Two more Chinese children have died of hand-foot-mouth disease (HFMD), driving the national death toll to 34 -- even as the Health Ministry announced a decline in HFMD cases in the worst-affected city.
Two doctors carry a seriously ill child to the ICU ward of Fuyang Second People's Hospital in Fuyang city, eastern China's Anhui Province on Wednesday, May 7, 2008. [Photo: Xinhua]
Health authorities in east China's Anhui Province on Friday confirmed the two children had died of HFMD triggered by the potentially lethal enterovirus 71 (EV71).
The deaths occurred in Bozhou, northwestern Anhui, and in Hefei, the provincial capital, said Gao Kaiyan, chief of Anhui Provincial Health Department. Gao gave no other details.
The Health Ministry said on Friday that HFMD incidence of in the worst-hit city of Fuyang, also Anhui, was in decline, with discharged patients outnumbering those checking in to hospitals for the first time.
The ministry said on its website that the majority of the serious cases had recovered, with no fatalities for seven consecutive days in Fuyang, which had reported the initial outbreak and 22 deaths.

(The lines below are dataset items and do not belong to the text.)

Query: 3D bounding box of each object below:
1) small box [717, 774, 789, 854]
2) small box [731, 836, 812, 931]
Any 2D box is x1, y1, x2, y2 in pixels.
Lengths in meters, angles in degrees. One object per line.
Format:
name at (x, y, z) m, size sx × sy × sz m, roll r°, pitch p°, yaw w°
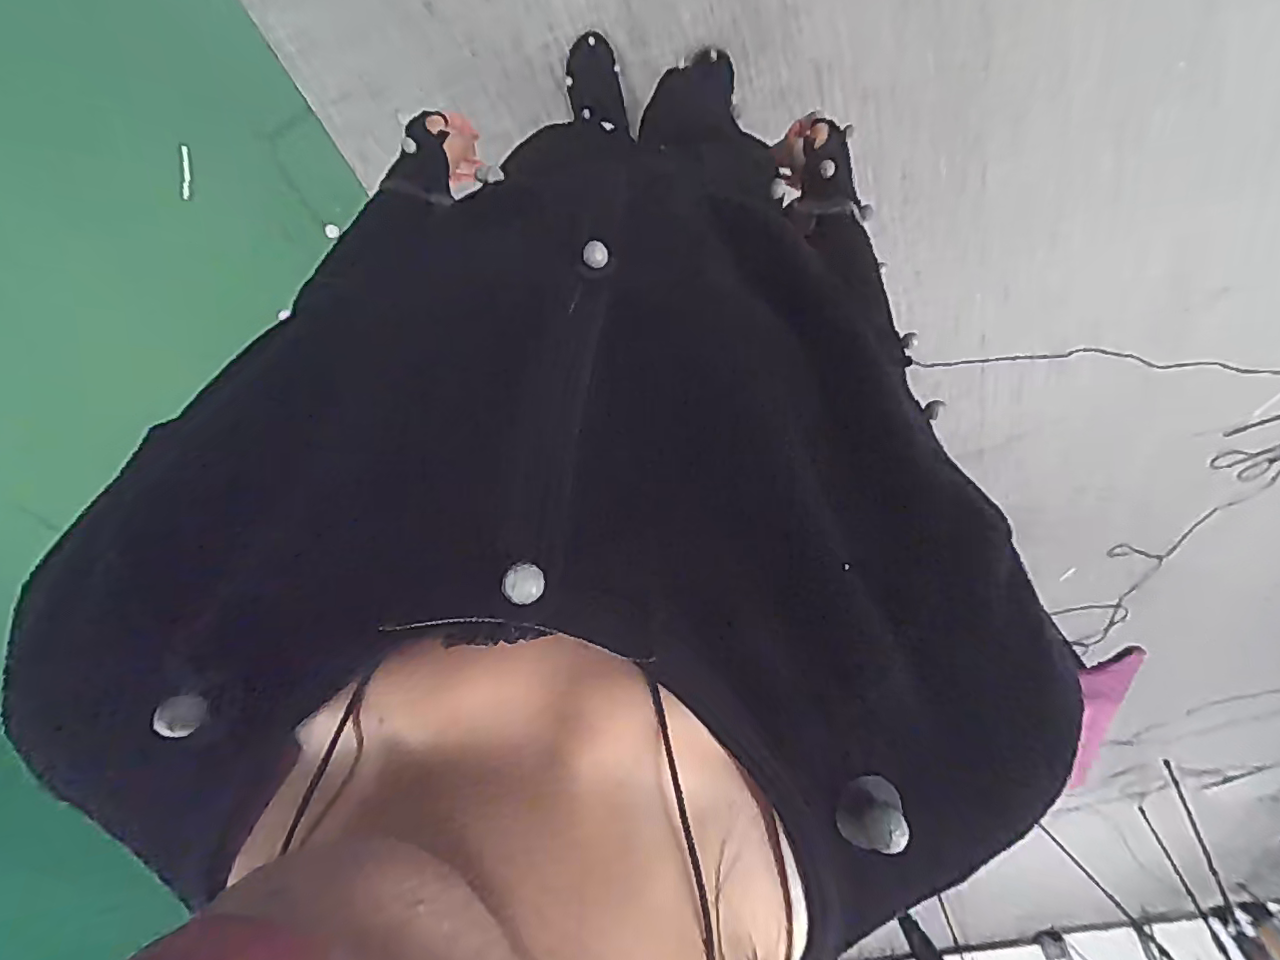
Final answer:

According to the Guidelines Regarding Prevention and Control of HFMD published on the Ministry of Health website, HFMD can be caused by a host of intestinal viruses, but EV71 and the Coxsackievirus (Cox A16) were the most common.
Both EV71 and Cox A16 can cause HFMD, which usually starts with a slight fever followed by blisters and ulcers in the mouth and rashes on the hands and feet.
Those sickened by EV71 often show serious symptoms. It can also lead to meningitis, encephalitis, pulmonary edema and paralysis in some children. There is no vaccine.
As of Thursday, HFMD sickened 24,934 children on the Chinese mainland, of whom, 34 died. The deaths were reported in six Chinese regions of Anhui, Guangdong, Guangxi, Hainan, Hunan and Zhejiang.